Rodgers o meczu na Old Trafford
Brendan Rodgers wierzy, że jego podopieczni zdobyliby co najmniej punkt w przegranej 0:3 batalii z Machesterem United, gdyby byli bardziej skuteczni. Wayne Rooney otworzył wynik spotkania w 12. minucie, po rajdzie Antonia Valencii. Stało się to zaraz po zmarnowaniu przez Raheema Sterlinga sytuacji sam na sam z bramkarzem Czerwonych Diabłów.
Przewagę Manchesteru powiększył w tuż przed przerwą Juan Mata, a w końcowej fazie meczu piłkarzom i kibicom Liverpoolu nadzieję odebrał Robin van Persie.
Z drugiej strony, The Reds stworzyli sobie mnóstwo sytuacji, by odpowiedzieć na bramki gospodarzy.

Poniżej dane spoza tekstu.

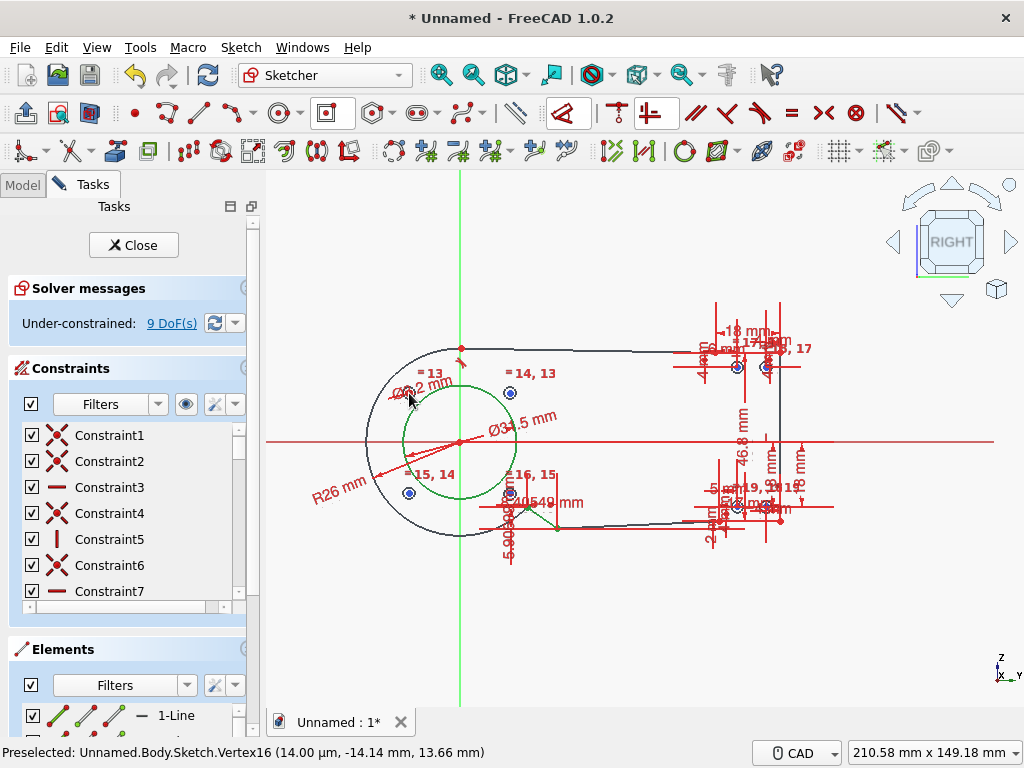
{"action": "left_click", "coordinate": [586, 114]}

Najwięcej miał ich Raheem Sterling, bliski szczęścia był też Mario Balotelli. Jednak David De Gea został w tym meczu niepokonany.
– Nie uważam, byśmy zasłużyli na taki rezultat. Brakowało nam dzisiaj skuteczności – mówi szkoleniowiec Liverpoolu.
– Nie codziennie można zaobserwować taką liczbę stworzonych szans na tym terenie. W zeszłym sezonie wygraliśmy 3:0 i podejrzewam, że dziś mieliśmy nawet dwa razy więcej wypracowanych okazji.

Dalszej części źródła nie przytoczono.